In 1895, a year before Guglielmo Marconi patented his invention, Dr Bose invented wireless telegraphy and demonstrated its functioning in public. Although he did invaluable work in science, but it is very sad that his work was recognised in India only when the western world acknowledged its importance. He founded the Bose Research Institute, the first scientific research institute in India at Kolkata in 1907, devoted mainly to the study of plants. Sir Neville Mott, Nobel Laureate in 1977 for his own contribution to solid-state electronics, remarked that “JC Bose was at least 60 years ahead of his time”. Dr Bose made a number of pioneering discoveries in plant physiology. He used his own invention, the Crescograph to measure plant response to various stimuli and thereby scientifically proved the parallelism between animal and plant tissues.

Dr Bose was the first Indian to be admitted in person to the Royal Institution of London. In January 1897 he delivered a Friday Evening Discourse there, the most prestigious platform for announcing new discoveries at that time. It was Michael Faraday (1791-1867) who started the Friday Evening Discourse in 1826. Some of the most prominent British scientists worked in the Royal Institution participated in these discourses. In this lecture, Dr Bose demonstrated his devices for the generation and detection of radio waves.
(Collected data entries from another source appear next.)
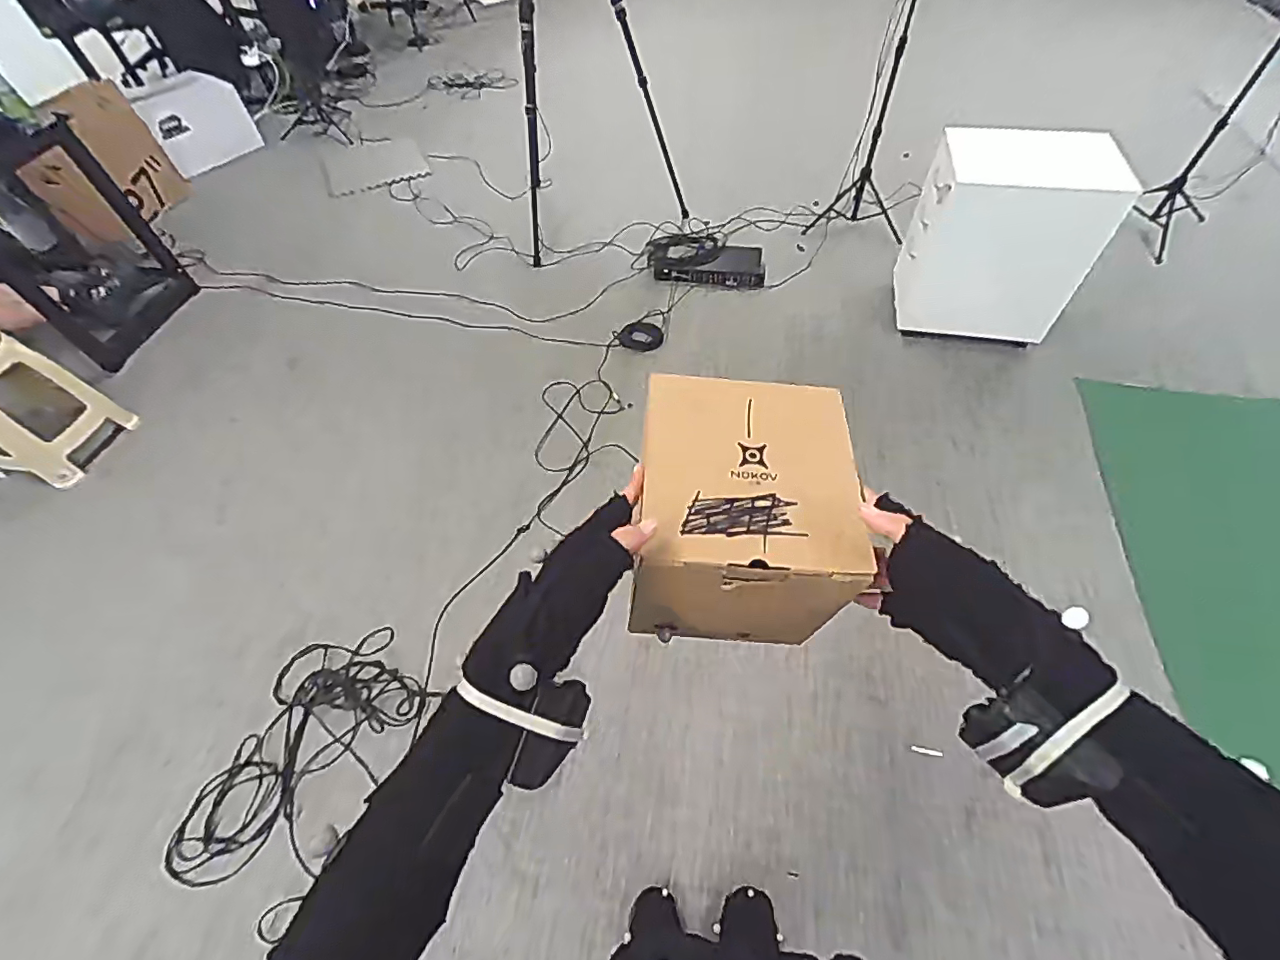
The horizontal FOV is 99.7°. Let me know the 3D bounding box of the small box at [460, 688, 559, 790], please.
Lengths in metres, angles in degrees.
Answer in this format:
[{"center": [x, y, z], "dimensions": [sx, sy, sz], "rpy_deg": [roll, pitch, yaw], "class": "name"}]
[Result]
[{"center": [-0.298, 0.616, 1.283], "dimensions": [0.168, 0.176, 0.179], "rpy_deg": [5, 54, 9], "class": "small box"}]

In 1920 he became the first Indian scientist to be elected as fellow of the prestigious Royal Society.

The theories of Dr Bose about the relationship between living and non-living and plant’s response to stimuli were not taken seriously in his time and even today some of his ideas have remained esoteric. However, his physical model of memory as a mechanism for storing information justified his being considered a precursor of the modern discipline of cybernetics. It is now recognised that Dr Bose had made very significant contributions to the field of chronobiology and circadian rhythms even before these two technical terms were coined. His place in history has now been re-evaluated, and he is credited with the invention of the first wireless detection device and the discovery of millimetre length electromagnetic waves. Many of his instruments are still on display and remain largely usable now, over 100 years later. They include various antennas, polarisers, and waveguides, which remain in use in modern forms today.

(Author is a freelance journalist and social activist. He is Director, Indo-Gulf consulting and can be contacted on [email protected])

(To be concluded)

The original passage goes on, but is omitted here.